Tucker leaned his dark head back against the cold stone wall and drew one leg up, draping his arm loosely over his knee. Unreadable brown eyes studied her. “Wary, then,” he conceded. “Why?”
She shrugged. “Feminine intuition?”
He began to laugh. Laughter wasn’t something she had associated with Tucker, but he did it easily, his dark head tilted back against the wall. The sound was genuinely amused, as if he couldn’t help himself.
Niema watched him, one eyebrow tilted as she waited for him to stop. She didn’t feel the least impulse to join in his laughter, or even to smile. Nothing about this situation was funny. They were deep in Iran on a job that could get them all killed, and oh, by the way, she didn’t trust the team leader one inch, ha ha ha. Yeah, right.
“Jesus,” he groaned, wiping his eyes. “All this because of feminine intuition?” A shade of incredulousness colored his tone.
Niema gave him a stony look. “You make it sound as if I’ve been attacking you left and right.”
“Not overtly, at least.” He paused, a smile still curving his mouth. “Dallas and I have worked together before, you know. What does he say about your suspicions?”
He was utterly relaxed as he waited for her answer, as if he already knew what Dallas would have said—if she had mentioned her feelings to him, that is. She hadn’t uttered a word of misgiving to him, though. For one thing, she had nothing concrete to offer, and she wasn’t about to stir up trouble without proof other than her feminine intuition. She didn’t discount her uneasiness, but Dallas was a man who dealt in hard realities, who had learned to disconnect his emotions so he could function in the dangerous field he had chosen. Moreover, he obviously liked, trusted, and respected Tucker.

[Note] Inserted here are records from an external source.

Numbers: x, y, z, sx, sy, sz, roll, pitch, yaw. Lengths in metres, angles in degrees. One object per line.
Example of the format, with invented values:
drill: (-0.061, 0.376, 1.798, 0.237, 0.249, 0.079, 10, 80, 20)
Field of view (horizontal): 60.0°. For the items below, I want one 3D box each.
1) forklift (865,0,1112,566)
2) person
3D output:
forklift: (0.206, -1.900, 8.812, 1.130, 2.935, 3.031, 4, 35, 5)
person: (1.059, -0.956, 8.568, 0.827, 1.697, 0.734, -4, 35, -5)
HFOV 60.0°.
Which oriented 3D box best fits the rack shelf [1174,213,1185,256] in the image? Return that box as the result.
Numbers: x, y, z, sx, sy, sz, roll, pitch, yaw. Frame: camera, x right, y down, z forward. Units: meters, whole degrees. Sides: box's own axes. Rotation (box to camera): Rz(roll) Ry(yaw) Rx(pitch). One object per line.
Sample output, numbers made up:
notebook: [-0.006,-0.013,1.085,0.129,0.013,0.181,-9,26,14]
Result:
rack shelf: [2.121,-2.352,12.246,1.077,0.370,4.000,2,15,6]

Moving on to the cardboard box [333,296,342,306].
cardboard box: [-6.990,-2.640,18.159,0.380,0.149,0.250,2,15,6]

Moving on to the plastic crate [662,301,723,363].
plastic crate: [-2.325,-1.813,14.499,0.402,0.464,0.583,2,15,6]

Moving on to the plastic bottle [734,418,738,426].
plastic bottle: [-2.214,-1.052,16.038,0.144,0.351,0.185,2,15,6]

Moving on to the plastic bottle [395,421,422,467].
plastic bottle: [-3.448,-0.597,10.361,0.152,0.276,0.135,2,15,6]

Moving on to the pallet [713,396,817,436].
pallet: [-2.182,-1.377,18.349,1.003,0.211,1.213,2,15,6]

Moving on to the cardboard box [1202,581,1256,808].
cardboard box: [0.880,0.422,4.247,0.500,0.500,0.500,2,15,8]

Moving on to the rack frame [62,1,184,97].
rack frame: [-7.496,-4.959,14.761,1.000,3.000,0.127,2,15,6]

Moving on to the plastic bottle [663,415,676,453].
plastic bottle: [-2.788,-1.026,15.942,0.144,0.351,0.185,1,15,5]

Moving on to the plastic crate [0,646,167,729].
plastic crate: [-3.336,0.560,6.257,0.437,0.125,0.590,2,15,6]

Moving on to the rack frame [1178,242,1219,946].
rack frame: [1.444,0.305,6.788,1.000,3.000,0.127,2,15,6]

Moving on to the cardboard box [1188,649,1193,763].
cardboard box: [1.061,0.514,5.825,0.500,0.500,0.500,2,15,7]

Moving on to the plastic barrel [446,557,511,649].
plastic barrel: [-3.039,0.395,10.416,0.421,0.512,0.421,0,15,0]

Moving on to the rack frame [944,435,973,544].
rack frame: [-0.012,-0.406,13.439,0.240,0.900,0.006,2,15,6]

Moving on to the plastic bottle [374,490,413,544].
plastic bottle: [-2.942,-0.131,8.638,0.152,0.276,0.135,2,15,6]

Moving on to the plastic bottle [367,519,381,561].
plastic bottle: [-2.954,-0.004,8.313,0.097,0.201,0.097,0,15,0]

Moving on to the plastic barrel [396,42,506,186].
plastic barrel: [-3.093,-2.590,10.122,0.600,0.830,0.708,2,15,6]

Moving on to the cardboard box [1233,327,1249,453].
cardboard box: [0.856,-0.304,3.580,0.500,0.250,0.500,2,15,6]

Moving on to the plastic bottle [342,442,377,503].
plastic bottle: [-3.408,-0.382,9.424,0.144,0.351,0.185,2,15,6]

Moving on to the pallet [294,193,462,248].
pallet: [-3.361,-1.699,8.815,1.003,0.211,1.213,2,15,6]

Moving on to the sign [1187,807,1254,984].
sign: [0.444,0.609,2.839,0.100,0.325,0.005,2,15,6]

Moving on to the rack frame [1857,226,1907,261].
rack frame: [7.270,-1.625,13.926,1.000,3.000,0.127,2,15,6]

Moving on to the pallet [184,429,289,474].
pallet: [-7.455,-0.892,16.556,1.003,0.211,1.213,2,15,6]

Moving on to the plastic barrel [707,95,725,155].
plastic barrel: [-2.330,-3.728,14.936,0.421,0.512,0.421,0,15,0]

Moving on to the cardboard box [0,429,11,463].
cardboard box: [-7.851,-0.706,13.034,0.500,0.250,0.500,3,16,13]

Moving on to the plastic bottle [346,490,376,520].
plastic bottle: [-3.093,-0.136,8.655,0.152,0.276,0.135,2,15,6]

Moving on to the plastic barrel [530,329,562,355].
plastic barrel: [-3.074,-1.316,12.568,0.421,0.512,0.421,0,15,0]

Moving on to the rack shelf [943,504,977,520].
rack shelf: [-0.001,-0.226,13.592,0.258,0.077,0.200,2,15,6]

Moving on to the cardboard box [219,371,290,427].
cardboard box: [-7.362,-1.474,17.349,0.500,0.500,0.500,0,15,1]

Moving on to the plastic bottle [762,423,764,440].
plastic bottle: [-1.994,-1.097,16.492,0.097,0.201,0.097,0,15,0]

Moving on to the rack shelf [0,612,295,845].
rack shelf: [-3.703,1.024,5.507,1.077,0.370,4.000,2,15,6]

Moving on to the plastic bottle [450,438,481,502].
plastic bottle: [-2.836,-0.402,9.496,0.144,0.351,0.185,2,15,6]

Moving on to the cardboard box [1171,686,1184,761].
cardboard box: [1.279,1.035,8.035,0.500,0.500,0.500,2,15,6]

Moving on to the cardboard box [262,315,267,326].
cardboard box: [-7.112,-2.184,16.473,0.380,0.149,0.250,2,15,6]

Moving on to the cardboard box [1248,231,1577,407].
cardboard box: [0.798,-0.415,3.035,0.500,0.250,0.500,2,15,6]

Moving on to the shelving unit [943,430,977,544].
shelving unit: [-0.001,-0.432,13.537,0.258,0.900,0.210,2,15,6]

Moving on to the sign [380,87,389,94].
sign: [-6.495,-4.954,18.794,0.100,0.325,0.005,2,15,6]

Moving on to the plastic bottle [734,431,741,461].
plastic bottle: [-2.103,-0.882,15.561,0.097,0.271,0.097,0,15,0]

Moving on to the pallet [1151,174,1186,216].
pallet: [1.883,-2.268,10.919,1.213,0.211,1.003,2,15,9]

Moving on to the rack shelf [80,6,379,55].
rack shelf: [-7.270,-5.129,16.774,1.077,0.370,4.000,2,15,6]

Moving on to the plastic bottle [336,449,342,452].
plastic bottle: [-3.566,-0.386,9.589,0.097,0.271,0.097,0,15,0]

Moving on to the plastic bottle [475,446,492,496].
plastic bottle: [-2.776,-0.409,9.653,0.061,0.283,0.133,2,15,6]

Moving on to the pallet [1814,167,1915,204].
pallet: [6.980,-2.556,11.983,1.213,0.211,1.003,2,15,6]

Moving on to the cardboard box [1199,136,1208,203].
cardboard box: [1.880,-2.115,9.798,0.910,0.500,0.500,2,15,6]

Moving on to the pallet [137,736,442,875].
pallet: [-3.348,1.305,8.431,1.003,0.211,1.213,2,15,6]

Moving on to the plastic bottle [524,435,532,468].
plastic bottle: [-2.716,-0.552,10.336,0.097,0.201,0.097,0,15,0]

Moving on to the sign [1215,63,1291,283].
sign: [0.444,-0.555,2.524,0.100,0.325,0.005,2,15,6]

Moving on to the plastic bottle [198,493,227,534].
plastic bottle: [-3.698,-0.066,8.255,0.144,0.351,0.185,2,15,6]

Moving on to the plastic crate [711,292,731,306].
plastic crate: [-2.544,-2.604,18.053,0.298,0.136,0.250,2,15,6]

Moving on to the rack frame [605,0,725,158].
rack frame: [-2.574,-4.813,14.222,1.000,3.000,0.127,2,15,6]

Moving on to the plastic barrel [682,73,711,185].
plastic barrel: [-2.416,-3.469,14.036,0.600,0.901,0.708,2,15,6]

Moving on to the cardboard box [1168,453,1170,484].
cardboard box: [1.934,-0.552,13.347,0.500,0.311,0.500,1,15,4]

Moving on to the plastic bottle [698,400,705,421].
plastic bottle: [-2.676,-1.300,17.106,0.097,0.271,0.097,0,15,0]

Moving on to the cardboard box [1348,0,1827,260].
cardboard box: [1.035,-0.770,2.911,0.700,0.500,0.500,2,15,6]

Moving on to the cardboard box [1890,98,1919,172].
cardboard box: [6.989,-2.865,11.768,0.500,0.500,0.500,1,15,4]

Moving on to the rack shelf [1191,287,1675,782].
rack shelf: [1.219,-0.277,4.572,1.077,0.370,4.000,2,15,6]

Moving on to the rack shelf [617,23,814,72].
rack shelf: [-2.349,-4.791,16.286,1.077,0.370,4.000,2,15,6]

“I haven’t talked to him about it.”
“No? Why not?”
She shrugged. Other than not having proof, her main reason for not talking to Dallas about Tucker was that her husband hadn’t been wild about her coming on this job anyway, and she didn’t want to give him an opportunity to say I told you so. She was good at what she did, but she didn’t have the field experience the others had, so she was reluctant to cause trouble. And, she admitted, even had she known she wouldn’t be comfortable with Tucker, she would have come anyway. Something primitive in her thrilled to the tension, the danger, the utter importance of what she did. She had never wanted a nine-to-five; she wanted adventure, she wanted to work on the front line. She wasn’t going to do anything to jeopardize a job she had worked hard to attain.
“Why not?” Tucker said again, and a hint of steel underlay the easiness of his tone. He wanted an answer, and she suspected he usually got what he wanted.
Oddly, though, she wasn’t intimidated. Part of her even relished this little showdown, getting their animosity out into the open and going one-on-one with Tucker.
“What difference does it make?” She returned his cool look with one of her own. “Regardless of my suspicions about you, I’m doing my job and keeping my mouth shut. My reasons aren’t any of your business. But I’d bet the farm your real name isn’t Darrell Tucker.”
He grinned suddenly, surprising her. “Dallas said you were stubborn. Not much of a reverse gear, was the way he put it,” he said, settling his shoulders more comfortably against the wall.
Because Niema had heard Dallas mutter something very close to that, after one of the few times they had gone head to head about something, she found herself smiling, too.
In that more relaxed atmosphere he said, “What makes you think my name isn’t Tucker?”
“I don’t know. Darrell Tucker is a good-old-boy Texas name, and every so often I hear a little bit of Texas in your accent, so the accent and the name fit—but you don’t, somehow.”
“I’ve traveled a bit since I left home,” he drawled.
She clapped her hands twice in mocking applause. “That was very well done. A homey piece of phrasing, the accent a little heavier.”
“But you don’t buy it.”
“I bet you’re very good with a lot of accents.”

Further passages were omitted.